Assignment
Produce as output only the lines below starting at the line with "margin-bottom: 16px;" and continuing through the line with "Please transcribe the", each one exactly as written.

Data entries:
# # #
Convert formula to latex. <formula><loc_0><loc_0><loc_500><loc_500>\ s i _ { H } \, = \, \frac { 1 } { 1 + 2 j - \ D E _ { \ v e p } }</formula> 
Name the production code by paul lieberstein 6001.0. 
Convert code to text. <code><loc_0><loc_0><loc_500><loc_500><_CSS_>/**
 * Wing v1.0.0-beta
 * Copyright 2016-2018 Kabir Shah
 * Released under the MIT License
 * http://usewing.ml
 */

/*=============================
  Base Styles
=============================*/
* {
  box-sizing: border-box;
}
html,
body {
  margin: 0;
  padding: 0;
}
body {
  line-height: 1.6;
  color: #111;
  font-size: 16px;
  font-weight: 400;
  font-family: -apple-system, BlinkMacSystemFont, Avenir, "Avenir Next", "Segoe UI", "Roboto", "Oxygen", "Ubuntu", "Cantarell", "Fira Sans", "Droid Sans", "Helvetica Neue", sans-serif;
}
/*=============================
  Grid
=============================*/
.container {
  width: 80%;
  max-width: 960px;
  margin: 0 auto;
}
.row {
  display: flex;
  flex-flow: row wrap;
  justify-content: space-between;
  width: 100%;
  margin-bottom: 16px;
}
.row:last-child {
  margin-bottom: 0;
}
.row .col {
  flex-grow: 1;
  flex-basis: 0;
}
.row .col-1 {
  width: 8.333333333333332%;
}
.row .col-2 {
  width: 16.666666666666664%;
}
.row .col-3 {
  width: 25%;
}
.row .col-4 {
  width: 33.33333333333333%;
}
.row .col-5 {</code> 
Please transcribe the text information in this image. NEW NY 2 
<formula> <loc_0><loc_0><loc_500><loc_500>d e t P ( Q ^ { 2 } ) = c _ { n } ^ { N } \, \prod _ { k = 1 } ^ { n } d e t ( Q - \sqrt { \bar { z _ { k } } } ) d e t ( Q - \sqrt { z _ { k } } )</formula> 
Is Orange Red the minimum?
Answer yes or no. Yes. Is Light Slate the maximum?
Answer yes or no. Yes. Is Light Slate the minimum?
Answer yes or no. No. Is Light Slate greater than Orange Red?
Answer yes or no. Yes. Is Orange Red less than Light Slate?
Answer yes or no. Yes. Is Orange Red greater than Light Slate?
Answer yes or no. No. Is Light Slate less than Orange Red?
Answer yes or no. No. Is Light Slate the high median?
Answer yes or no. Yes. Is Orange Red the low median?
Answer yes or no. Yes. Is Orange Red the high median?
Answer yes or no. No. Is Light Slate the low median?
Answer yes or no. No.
# # #
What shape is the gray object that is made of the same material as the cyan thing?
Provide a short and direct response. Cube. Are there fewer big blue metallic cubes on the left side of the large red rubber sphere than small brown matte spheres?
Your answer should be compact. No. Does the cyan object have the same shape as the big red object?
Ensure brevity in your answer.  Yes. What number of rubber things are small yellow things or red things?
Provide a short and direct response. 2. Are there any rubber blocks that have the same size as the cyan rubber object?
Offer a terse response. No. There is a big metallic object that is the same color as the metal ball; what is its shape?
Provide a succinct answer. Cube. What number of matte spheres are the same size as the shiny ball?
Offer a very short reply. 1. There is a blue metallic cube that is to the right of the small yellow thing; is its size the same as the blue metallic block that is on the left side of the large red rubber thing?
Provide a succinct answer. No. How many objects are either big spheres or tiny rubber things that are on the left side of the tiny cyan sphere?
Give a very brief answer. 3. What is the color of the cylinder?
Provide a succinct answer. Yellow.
# # #
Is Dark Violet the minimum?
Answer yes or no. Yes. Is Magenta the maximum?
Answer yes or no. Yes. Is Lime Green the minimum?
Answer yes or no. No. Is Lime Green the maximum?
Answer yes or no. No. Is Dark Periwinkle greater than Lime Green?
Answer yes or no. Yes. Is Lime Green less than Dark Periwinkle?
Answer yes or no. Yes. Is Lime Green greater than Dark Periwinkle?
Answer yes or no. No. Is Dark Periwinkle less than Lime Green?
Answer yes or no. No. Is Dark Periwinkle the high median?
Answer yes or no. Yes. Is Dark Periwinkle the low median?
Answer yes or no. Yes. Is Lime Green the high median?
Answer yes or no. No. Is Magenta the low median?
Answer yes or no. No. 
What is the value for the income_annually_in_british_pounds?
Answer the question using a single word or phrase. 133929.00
# # #
Your response
  margin-bottom: 16px;
}
.row:last-child {
  margin-bottom: 0;
}
.row .col {
  flex-grow: 1;
  flex-basis: 0;
}
.row .col-1 {
  width: 8.333333333333332%;
}
.row .col-2 {
  width: 16.666666666666664%;
}
.row .col-3 {
  width: 25%;
}
.row .col-4 {
  width: 33.33333333333333%;
}
.row .col-5 {</code> 
Please transcribe the text information in this image. NEW NY 2 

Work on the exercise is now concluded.